TASK REQUIREMENTS:
Each entry is to be repeated word for word, and the images are to be dropped.

________

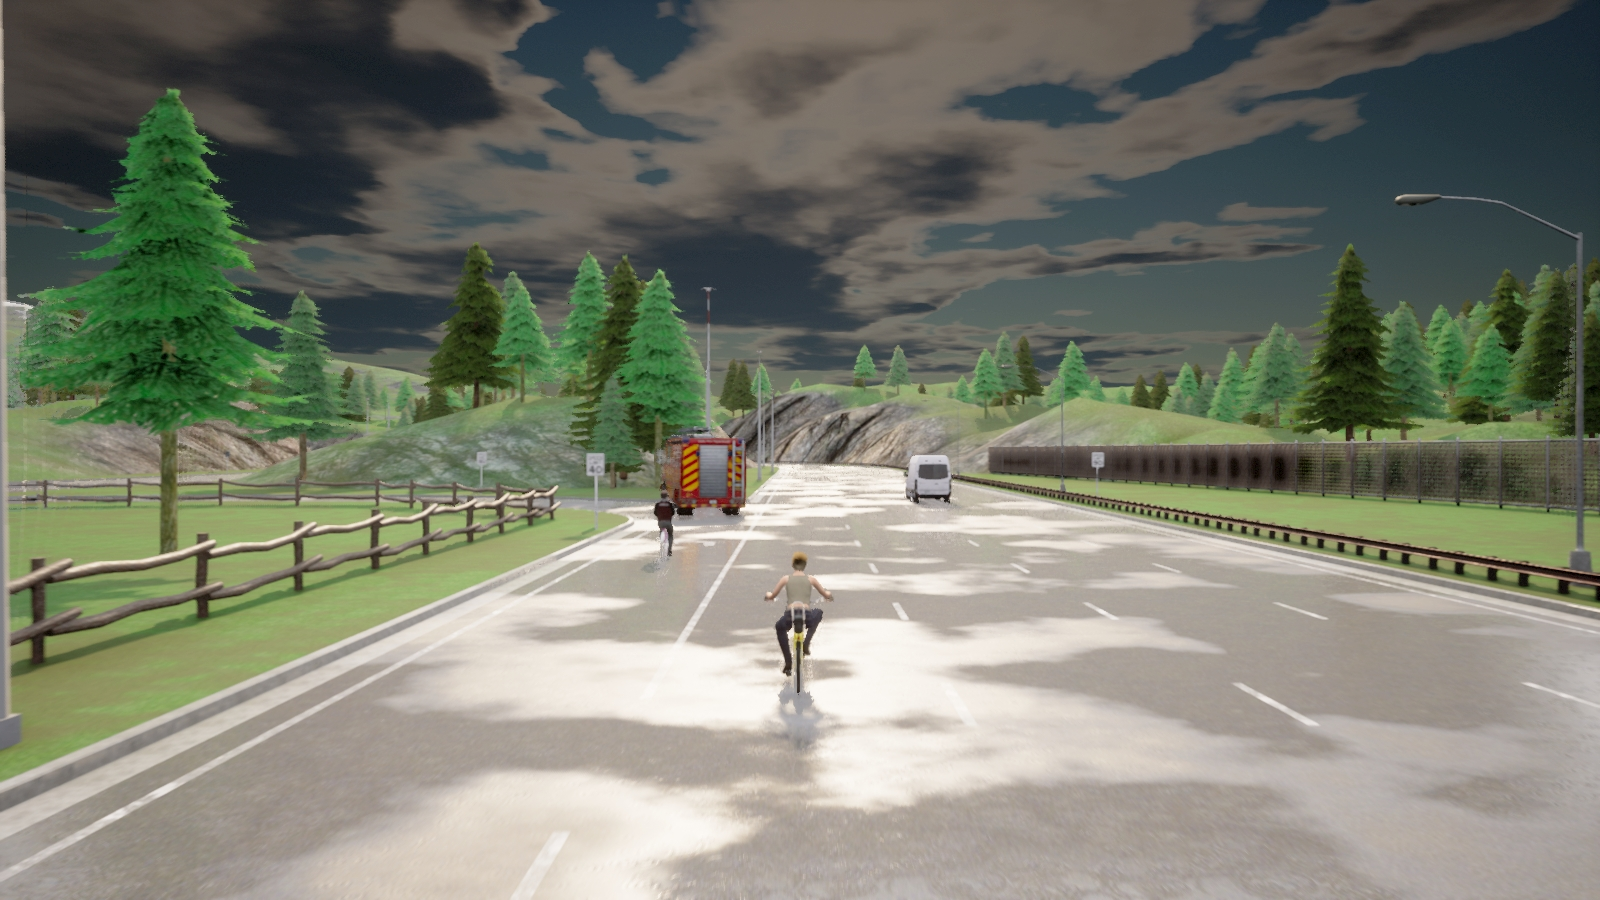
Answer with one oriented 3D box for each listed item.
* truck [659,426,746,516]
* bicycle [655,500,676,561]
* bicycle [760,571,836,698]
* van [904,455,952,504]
[{"bbox_3d":[-4.676,0.918,53.266,2.891,3.827,8.468,1,0,-13],"label":"truck"},{"bbox_3d":[-3.505,2.076,29.796,0.329,1.471,1.835,0,0,0],"label":"bicycle"},{"bbox_3d":[-0.014,2.165,13.639,0.859,1.276,1.487,0,0,0],"label":"bicycle"},{"bbox_3d":[6.995,1.567,62.902,1.988,2.561,5.915,0,0,0],"label":"van"}]

________

ANSWER TO THE PROBLEM:
Answer with one oriented 3D box for each listed item.
* truck [659,426,746,516]
* bicycle [655,500,676,561]
* bicycle [760,571,836,698]
* van [904,455,952,504]
[{"bbox_3d":[-4.676,0.918,53.266,2.891,3.827,8.468,1,0,-13],"label":"truck"},{"bbox_3d":[-3.505,2.076,29.796,0.329,1.471,1.835,0,0,0],"label":"bicycle"},{"bbox_3d":[-0.014,2.165,13.639,0.859,1.276,1.487,0,0,0],"label":"bicycle"},{"bbox_3d":[6.995,1.567,62.902,1.988,2.561,5.915,0,0,0],"label":"van"}]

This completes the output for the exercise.